▸ **Work item**: An exact copy of all the data, minus the images, is required.

--- Data shown Enclosed Below ---

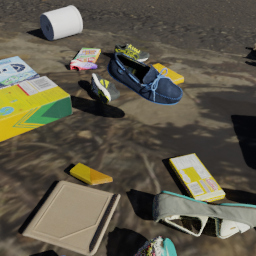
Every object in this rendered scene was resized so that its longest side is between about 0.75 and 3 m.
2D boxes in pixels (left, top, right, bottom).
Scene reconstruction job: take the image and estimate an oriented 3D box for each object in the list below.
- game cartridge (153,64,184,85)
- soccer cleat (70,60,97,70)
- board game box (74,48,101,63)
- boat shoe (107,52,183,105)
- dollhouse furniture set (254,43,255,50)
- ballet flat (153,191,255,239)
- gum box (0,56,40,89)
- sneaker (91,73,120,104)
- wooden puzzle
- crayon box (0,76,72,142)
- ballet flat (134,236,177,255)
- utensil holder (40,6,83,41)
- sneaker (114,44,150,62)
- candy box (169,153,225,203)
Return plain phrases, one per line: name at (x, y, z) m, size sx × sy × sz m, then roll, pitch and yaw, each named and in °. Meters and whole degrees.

--- End of Enclosed Data shown ---

▸ **The completed task**:
Every object in this rendered scene was resized so that its longest side is between about 0.75 and 3 m.
2D boxes in pixels (left, top, right, bottom).
Scene reconstruction job: take the image and estimate an oriented 3D box for each object in the list below.
- game cartridge (153,64,184,85)
- soccer cleat (70,60,97,70)
- board game box (74,48,101,63)
- boat shoe (107,52,183,105)
- dollhouse furniture set (254,43,255,50)
- ballet flat (153,191,255,239)
- gum box (0,56,40,89)
- sneaker (91,73,120,104)
- wooden puzzle
- crayon box (0,76,72,142)
- ballet flat (134,236,177,255)
- utensil holder (40,6,83,41)
- sneaker (114,44,150,62)
- candy box (169,153,225,203)
Return plain phrases, one per line: name at (x, y, z) m, size sx × sy × sz m, then roll, pitch and yaw, each named and in °. Meters and whole degrees.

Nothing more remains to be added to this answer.